I think of my childhood home a few miles inland and closer to Sequim’s quaint downtown, much smaller than the expansive waterfront home Gigi grew up in. My mom still lives there, too, but I haven’t been back in years. I’ve spent too much of my life there already.
I remember those first few weeks after our rafting trip, coming home from school, the sickening feeling I’d get in the pit of my stomach when I turned on the road that wound along the Dungeness River to my house.
Knowing the news vans would already be lined up at my driveway, I’d hunker down in my seat and pull on the baseball hat and sunglasses I’d started keeping in my car.
We only had a carport, no garage, so there was no getting around the photographs and accusatory questioning from reporters for the few moments it took me to get inside the house.
My mom would stay up until midnight to run out and get the mail, after they’d all left for the day.
But sometimes a news van would camp out all night.
That summer after graduation, I hardly left the house, unable to face the scrutiny from reporters—and strangers—everywhere I went. My sister, Kate, decided to stay in Pullman for the summer, where she was going to college seven hours away, so it was just my mom and me.
I gaze in the direction of my childhood home and think of my mom and how hard that summer was for her too.
My lungs stiffen with dread at still having to tell her about Matt’s leaving.

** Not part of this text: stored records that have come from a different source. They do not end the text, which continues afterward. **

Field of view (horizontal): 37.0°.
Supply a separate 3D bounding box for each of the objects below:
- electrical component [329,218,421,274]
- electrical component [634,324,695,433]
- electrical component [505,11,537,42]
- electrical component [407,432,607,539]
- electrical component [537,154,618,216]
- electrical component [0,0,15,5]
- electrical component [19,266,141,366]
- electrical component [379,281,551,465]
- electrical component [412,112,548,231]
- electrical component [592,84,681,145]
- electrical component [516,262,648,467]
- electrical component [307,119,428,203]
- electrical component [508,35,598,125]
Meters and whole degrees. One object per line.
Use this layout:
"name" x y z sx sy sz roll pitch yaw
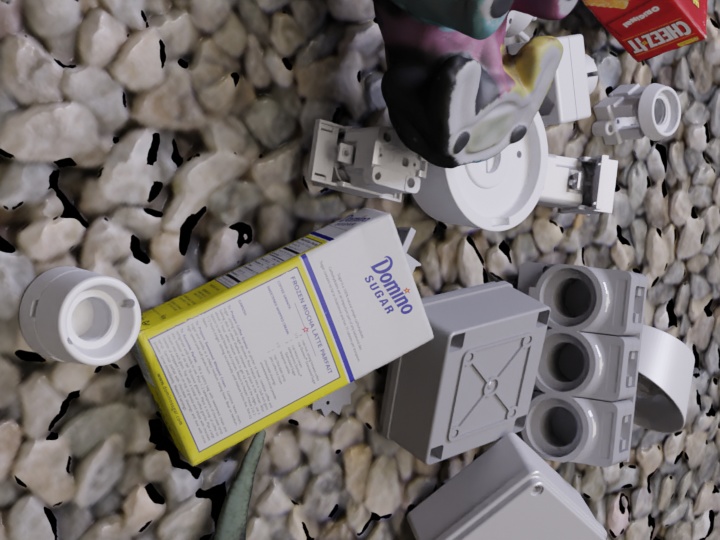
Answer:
"electrical component" 0.000 0.000 0.741 0.064 0.042 0.081 36 70 -35
"electrical component" 0.232 0.088 0.907 0.099 0.099 0.064 40 62 -35
"electrical component" 0.106 -0.202 0.814 0.079 0.043 0.077 29 75 -37
"electrical component" 0.111 0.194 0.810 0.109 0.056 0.109 -40 124 9
"electrical component" 0.164 -0.068 0.855 0.064 0.081 0.042 6 89 -11
"electrical component" -0.208 -0.169 0.553 0.081 0.043 0.043 46 65 -33
"electrical component" -0.157 0.027 0.608 0.055 0.047 0.055 -4 96 -40
"electrical component" 0.076 0.072 0.782 0.109 0.056 0.108 -11 120 -39
"electrical component" 0.080 -0.083 0.790 0.108 0.060 0.108 -3 95 -40
"electrical component" 0.240 -0.135 0.924 0.066 0.055 0.048 -39 117 -31
"electrical component" 0.169 0.072 0.848 0.062 0.089 0.150 7 89 -61
"electrical component" 0.008 -0.074 0.729 0.081 0.064 0.042 10 85 -39
"electrical component" 0.165 -0.154 0.864 0.077 0.047 0.065 -17 104 -38

I still recall the look of shock on my mom’s face the last time I told her something she didn’t want to hear—that I wasn’t going to college.
“What do you mean you’re not going?” Mom looked up from the kitchen table, surrounded by a stack of bills.

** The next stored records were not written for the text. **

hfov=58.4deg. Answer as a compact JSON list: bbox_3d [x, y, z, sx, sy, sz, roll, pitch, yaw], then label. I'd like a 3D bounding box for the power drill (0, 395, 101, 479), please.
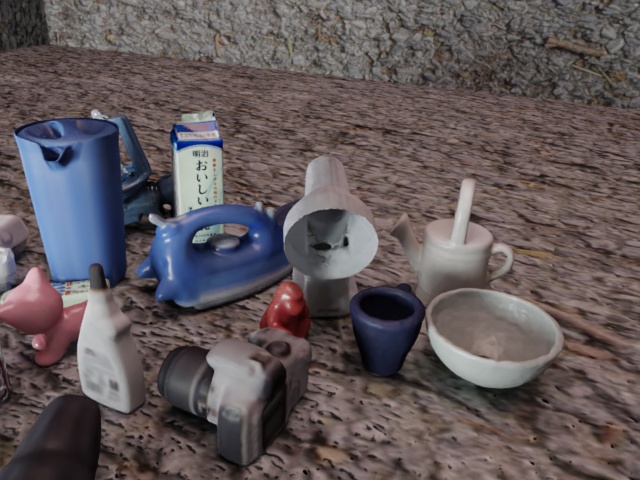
[{"bbox_3d":[-0.160,0.235,0.315,0.075,0.208,0.229,1,26,-4],"label":"power drill"}]

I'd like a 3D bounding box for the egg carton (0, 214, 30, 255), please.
[{"bbox_3d":[-0.532,0.009,0.893,0.107,0.069,0.150,4,26,3],"label":"egg carton"}]

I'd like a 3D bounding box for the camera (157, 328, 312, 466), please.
[{"bbox_3d":[-0.096,0.146,0.626,0.136,0.101,0.143,14,28,21],"label":"camera"}]

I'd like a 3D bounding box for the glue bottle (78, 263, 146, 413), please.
[{"bbox_3d":[-0.230,0.103,0.617,0.078,0.173,0.037,15,29,24],"label":"glue bottle"}]

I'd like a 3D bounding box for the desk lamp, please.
[{"bbox_3d":[0.007,0.003,0.800,0.118,0.214,0.203,1,26,-4],"label":"desk lamp"}]

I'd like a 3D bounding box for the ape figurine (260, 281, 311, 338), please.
[{"bbox_3d":[-0.041,0.097,0.741,0.075,0.092,0.078,23,32,34],"label":"ape figurine"}]

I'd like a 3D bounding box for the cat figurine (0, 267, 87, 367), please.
[{"bbox_3d":[-0.323,0.087,0.701,0.128,0.118,0.067,-12,30,-27],"label":"cat figurine"}]

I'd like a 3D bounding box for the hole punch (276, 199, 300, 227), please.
[{"bbox_3d":[-0.039,-0.035,1.012,0.101,0.091,0.108,4,26,3],"label":"hole punch"}]

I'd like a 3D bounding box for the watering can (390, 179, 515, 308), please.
[{"bbox_3d":[0.192,0.005,0.838,0.173,0.194,0.101,0,26,-5],"label":"watering can"}]

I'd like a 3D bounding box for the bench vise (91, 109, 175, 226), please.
[{"bbox_3d":[-0.325,-0.128,1.023,0.208,0.220,0.121,-14,31,-30],"label":"bench vise"}]

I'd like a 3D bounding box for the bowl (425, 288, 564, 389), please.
[{"bbox_3d":[0.211,0.132,0.716,0.167,0.075,0.167,2,26,-1],"label":"bowl"}]

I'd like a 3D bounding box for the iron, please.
[{"bbox_3d":[-0.139,0.004,0.864,0.259,0.141,0.118,-15,31,-32],"label":"iron"}]

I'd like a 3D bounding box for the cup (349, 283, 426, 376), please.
[{"bbox_3d":[0.085,0.113,0.719,0.091,0.095,0.118,14,28,22],"label":"cup"}]

“I can’t.” I lowered my gaze to the table, unable to bear the look of bewilderment on her face.
“Not after everything that’s happened. I can’t even go to Safeway without strangers glaring at me—or asking what really happened to Courtney.
” I gestured to the closed living room blinds, shielding us from the news vans parked in our front lawn. “I can’t even get the mail!”

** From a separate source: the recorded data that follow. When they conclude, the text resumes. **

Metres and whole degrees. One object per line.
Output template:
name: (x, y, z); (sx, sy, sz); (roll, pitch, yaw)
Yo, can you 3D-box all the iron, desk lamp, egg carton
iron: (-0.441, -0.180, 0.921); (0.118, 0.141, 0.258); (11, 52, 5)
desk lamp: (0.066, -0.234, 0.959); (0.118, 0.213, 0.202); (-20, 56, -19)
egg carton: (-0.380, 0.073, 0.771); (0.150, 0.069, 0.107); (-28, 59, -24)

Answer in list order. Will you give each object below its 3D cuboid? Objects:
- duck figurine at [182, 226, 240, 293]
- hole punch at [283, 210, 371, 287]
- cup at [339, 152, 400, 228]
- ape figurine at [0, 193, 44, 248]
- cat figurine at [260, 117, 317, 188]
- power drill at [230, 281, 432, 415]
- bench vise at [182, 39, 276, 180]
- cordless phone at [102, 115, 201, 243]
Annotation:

Mom pushed her checkbook aside. “You have to, honey. Between your academic and volleyball scholarships, you got a full ride. You can’t stay here.
” Her eyes darted toward the windows we kept covered at the front of our small house.
“You’re not guilty of anything. It’s a tragedy what happened to Courtney, but it was no one’s fault.
You can’t let those vultures keep you from living your life. ”
Tears blurred my vision as I stared back at her. If only she knew the truth.
I shook my head. “I’ve already decided. I’m not going.”
“Sweetheart.” She pursed her lips and set down her pen. “You’ve wanted to be a doctor since you were little. You were so passionate about becoming an oncologist after your Aunt Karen’s diagnosis. You can’t give up your dream. Throwing your life away won’t bring Courtney back.”
It crushed me to see the disappointment on my mom’s face. I could tell she was devastated by my decision. She’d worked so hard to provide for me and my sister after our dad had left. She’d implored us both to go to college, not wanting us to ever have to struggle like she did.
“I’m sorry, Mom. But I can’t go.” My voice broke. “Not when everyone thinks I’m a murderer.”
But that wasn’t the real reason, I think as my gaze shifts to a kayaker paddling along the shore of the spit. The truth was that I didn’t deserve to go, not while Courtney’s unfound body lay decomposing somewhere in the Olympic National Park. Not after what I’d done.